VSCode is growing which is concerning, not from a competitive point of view but actually from the point of view that there is clearly a lack of understanding of what an IDE gives you. VSCode is a code editor with some features that you’d find in an IDE, and extensions that can provide additional functionality – so if people are turning to VSCode for developing it may imply that developers don’t know what a fully-featured IDE can give them. In the web space it is understandable to use an editor as web developers are typically working with dynamic languages, and often use other tools like browser plugins to give them what they need.. But in Java, especially professional Java, you really get a lot out of a good tool that has integration with the application server and you can really use the analysis and refactoring and everything.

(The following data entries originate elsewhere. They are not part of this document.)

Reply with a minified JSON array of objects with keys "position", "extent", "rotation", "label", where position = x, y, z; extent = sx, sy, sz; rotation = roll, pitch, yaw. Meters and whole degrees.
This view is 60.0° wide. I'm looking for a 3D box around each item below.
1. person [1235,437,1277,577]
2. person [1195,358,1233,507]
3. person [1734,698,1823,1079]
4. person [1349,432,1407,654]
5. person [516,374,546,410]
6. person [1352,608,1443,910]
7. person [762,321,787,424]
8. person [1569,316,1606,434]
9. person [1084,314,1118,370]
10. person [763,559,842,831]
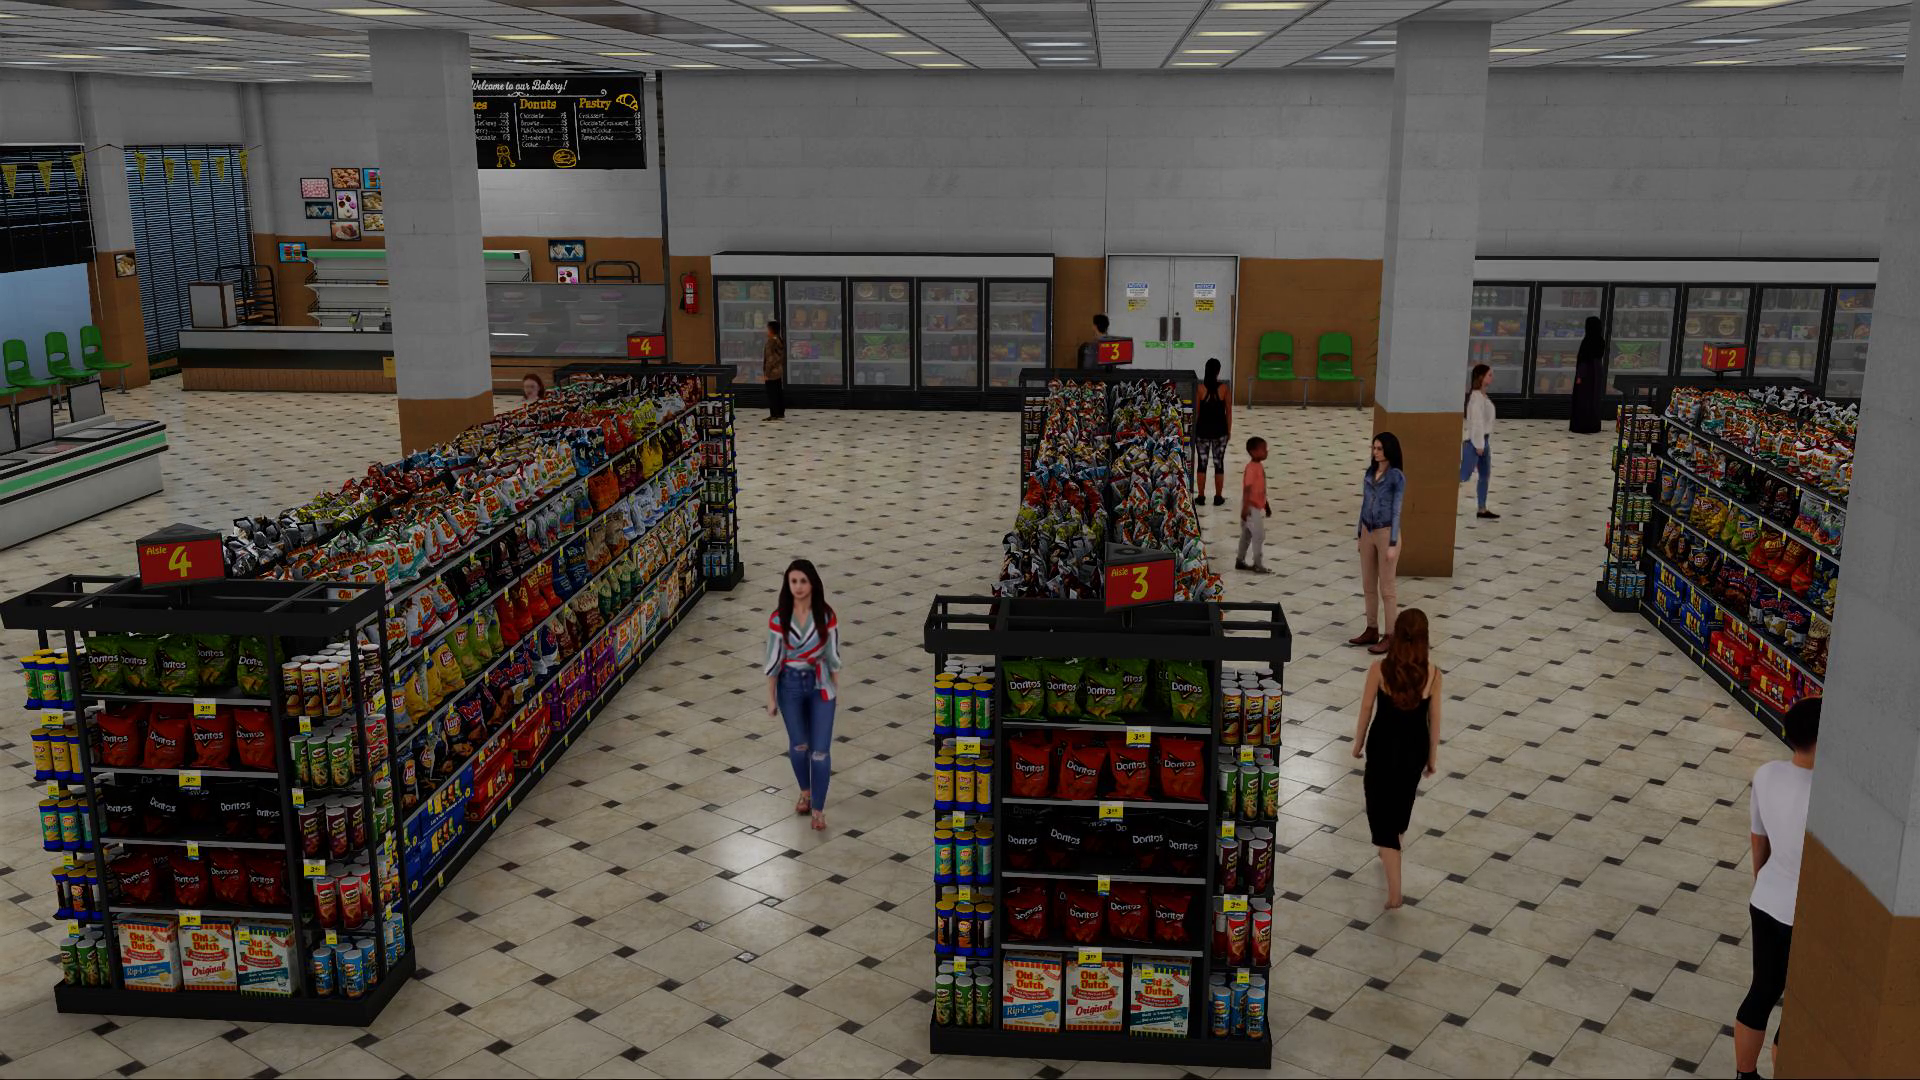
[{"position":[2.689,-0.325,15.630],"extent":[0.701,1.298,0.672],"rotation":[7,15,28],"label":"person"},{"position":[2.800,-1.215,18.530],"extent":[0.584,1.662,0.497],"rotation":[2,14,7],"label":"person"},{"position":[3.421,1.525,6.827],"extent":[0.792,1.852,0.623],"rotation":[-3,14,-13],"label":"person"},{"position":[3.353,0.016,13.217],"extent":[0.745,1.773,0.658],"rotation":[-7,15,-28],"label":"person"},{"position":[-4.160,-0.781,16.613],"extent":[0.627,1.722,1.140],"rotation":[1,14,6],"label":"person"},{"position":[2.318,1.183,8.802],"extent":[0.602,1.586,1.075],"rotation":[0,14,2],"label":"person"},{"position":[-2.679,-2.434,23.990],"extent":[0.710,1.455,0.610],"rotation":[6,15,24],"label":"person"},{"position":[8.754,-2.304,23.121],"extent":[0.727,1.614,0.777],"rotation":[-10,17,-34],"label":"person"},{"position":[1.811,-1.905,21.021],"extent":[1.129,1.828,1.133],"rotation":[12,18,40],"label":"person"},{"position":[-0.925,0.886,10.014],"extent":[0.642,1.593,0.856],"rotation":[0,14,0],"label":"person"}]

IME a lot of developers don't like their IDE heavily coupled to backend servers and environments, but actually prefer the "code editor + useful features" approach. It makes combining with CI/CD a lot simpler for one, since the activities run on a project can simply be the same as those run on the pipeline. A quick "mvn install" is often enough for many/most modules. Many devs only really want advanced editing + syntax highlighting + language server.

This is why it's worth contributing to your language's LSP server[0] and why I encourage every Kotlin dev I see to contribute to Kotlin's[1].

I personally find IDEs are way too complex and cluttered for my personal tastes. To boot, a code editor allows for unified workflows across a broad swathe of languages in ways that IDEs simply can't replicate. It's a pity Jetbrains has long held a dismissive attitude[2] toward developers that don't want a full blown IDE, but that's what you get when there are financial incentives attached.